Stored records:
○ ○ ○ ○ ○ ○ ○

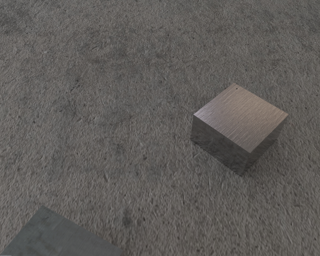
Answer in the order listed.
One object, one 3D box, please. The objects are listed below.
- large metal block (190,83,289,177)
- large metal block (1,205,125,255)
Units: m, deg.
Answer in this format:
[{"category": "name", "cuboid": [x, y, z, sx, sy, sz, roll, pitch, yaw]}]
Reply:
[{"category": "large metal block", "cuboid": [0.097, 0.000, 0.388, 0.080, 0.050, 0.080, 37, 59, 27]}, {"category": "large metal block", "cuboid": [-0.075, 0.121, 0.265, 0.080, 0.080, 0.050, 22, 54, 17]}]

○ ○ ○ ○ ○ ○ ○

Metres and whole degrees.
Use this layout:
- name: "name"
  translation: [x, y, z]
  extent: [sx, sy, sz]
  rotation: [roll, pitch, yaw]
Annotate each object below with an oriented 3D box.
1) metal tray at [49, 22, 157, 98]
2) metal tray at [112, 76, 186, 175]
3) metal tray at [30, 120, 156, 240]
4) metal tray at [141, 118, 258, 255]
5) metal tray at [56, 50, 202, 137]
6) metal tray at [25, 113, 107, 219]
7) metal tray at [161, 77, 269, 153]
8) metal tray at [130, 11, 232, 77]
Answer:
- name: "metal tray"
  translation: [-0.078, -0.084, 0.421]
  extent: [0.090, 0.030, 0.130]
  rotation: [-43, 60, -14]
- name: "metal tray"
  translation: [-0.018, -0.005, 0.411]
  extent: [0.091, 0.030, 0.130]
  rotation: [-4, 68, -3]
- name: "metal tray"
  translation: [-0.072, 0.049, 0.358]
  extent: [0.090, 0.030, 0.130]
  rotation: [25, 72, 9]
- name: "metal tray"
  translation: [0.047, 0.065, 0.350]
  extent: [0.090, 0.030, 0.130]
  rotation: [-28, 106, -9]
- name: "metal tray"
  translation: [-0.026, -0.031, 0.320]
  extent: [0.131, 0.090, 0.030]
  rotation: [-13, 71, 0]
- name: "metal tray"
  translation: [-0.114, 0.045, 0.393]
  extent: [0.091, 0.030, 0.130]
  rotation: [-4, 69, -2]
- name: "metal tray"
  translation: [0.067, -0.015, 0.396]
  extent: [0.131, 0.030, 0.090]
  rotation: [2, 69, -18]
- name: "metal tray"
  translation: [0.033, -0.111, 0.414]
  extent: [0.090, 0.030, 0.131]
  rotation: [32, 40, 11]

○ ○ ○ ○ ○ ○ ○

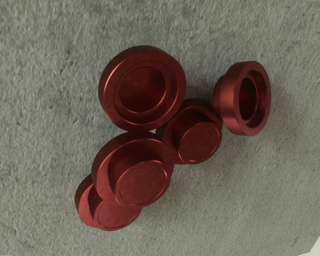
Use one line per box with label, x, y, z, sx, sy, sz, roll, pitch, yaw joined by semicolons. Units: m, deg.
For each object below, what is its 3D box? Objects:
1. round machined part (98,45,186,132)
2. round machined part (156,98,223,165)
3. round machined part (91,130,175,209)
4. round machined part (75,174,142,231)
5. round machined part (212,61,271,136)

○ ○ ○ ○ ○ ○ ○

◆ **EXERCISE AIM**
Your task is to collect every line above that contains the word "part".

◆ **EXERCISE RESULT**
1. round machined part (98,45,186,132)
2. round machined part (156,98,223,165)
3. round machined part (91,130,175,209)
4. round machined part (75,174,142,231)
5. round machined part (212,61,271,136)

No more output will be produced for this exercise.